ASSIGNMENT: Down to the last line, restate the material below exactly.

AVAILABLE RECORDS:
◆ ◆ ◆
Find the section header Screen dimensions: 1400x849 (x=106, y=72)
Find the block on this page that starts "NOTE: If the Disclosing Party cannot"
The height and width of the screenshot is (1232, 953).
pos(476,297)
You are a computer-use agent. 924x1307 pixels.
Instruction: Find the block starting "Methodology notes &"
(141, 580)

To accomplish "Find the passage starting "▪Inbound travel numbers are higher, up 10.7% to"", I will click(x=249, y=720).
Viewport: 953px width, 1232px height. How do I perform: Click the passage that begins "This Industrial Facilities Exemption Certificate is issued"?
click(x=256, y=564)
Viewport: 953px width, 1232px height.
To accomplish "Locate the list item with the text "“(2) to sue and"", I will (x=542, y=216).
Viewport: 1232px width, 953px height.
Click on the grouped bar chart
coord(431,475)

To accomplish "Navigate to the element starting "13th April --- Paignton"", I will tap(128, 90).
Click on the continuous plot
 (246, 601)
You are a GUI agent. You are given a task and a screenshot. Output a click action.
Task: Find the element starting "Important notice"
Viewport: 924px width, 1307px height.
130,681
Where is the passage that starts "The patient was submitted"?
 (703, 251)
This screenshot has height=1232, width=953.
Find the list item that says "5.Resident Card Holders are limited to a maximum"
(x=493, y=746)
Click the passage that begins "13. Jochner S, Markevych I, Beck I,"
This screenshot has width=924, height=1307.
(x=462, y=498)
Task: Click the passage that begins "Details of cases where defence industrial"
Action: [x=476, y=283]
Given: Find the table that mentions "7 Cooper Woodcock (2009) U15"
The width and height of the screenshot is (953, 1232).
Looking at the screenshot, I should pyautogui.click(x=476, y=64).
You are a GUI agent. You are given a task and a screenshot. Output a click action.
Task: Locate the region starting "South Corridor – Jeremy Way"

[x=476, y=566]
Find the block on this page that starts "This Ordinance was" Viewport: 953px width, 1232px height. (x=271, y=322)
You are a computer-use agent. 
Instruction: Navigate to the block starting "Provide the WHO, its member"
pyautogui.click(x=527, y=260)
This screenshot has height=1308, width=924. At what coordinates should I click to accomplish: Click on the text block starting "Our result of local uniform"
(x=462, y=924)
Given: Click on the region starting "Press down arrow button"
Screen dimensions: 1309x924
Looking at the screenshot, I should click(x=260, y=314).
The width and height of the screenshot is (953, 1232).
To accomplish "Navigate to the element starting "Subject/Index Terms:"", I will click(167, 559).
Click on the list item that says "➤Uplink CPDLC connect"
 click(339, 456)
◆ ◆ ◆
WRITTEN SOLUTION:
Find the section header Screen dimensions: 1400x849 (x=106, y=72)
Find the block on this page that starts "NOTE: If the Disclosing Party cannot"
The height and width of the screenshot is (1232, 953).
pos(476,297)
You are a computer-use agent. 924x1307 pixels.
Instruction: Find the block starting "Methodology notes &"
(141, 580)

To accomplish "Find the passage starting "▪Inbound travel numbers are higher, up 10.7% to"", I will click(x=249, y=720).
Viewport: 953px width, 1232px height. How do I perform: Click the passage that begins "This Industrial Facilities Exemption Certificate is issued"?
click(x=256, y=564)
Viewport: 953px width, 1232px height.
To accomplish "Locate the list item with the text "“(2) to sue and"", I will (x=542, y=216).
Viewport: 1232px width, 953px height.
Click on the grouped bar chart
coord(431,475)

To accomplish "Navigate to the element starting "13th April --- Paignton"", I will tap(128, 90).
Click on the continuous plot
 (246, 601)
You are a GUI agent. You are given a task and a screenshot. Output a click action.
Task: Find the element starting "Important notice"
Viewport: 924px width, 1307px height.
130,681
Where is the passage that starts "The patient was submitted"?
 (703, 251)
This screenshot has height=1232, width=953.
Find the list item that says "5.Resident Card Holders are limited to a maximum"
(x=493, y=746)
Click the passage that begins "13. Jochner S, Markevych I, Beck I,"
This screenshot has width=924, height=1307.
(x=462, y=498)
Task: Click the passage that begins "Details of cases where defence industrial"
Action: [x=476, y=283]
Given: Find the table that mentions "7 Cooper Woodcock (2009) U15"
The width and height of the screenshot is (953, 1232).
Looking at the screenshot, I should pyautogui.click(x=476, y=64).
You are a GUI agent. You are given a task and a screenshot. Output a click action.
Task: Locate the region starting "South Corridor – Jeremy Way"

[x=476, y=566]
Find the block on this page that starts "This Ordinance was" Viewport: 953px width, 1232px height. (x=271, y=322)
You are a computer-use agent. 
Instruction: Navigate to the block starting "Provide the WHO, its member"
pyautogui.click(x=527, y=260)
This screenshot has height=1308, width=924. At what coordinates should I click to accomplish: Click on the text block starting "Our result of local uniform"
(x=462, y=924)
Given: Click on the region starting "Press down arrow button"
Screen dimensions: 1309x924
Looking at the screenshot, I should click(x=260, y=314).
The width and height of the screenshot is (953, 1232).
To accomplish "Navigate to the element starting "Subject/Index Terms:"", I will click(167, 559).
Click on the list item that says "➤Uplink CPDLC connect"
 click(339, 456)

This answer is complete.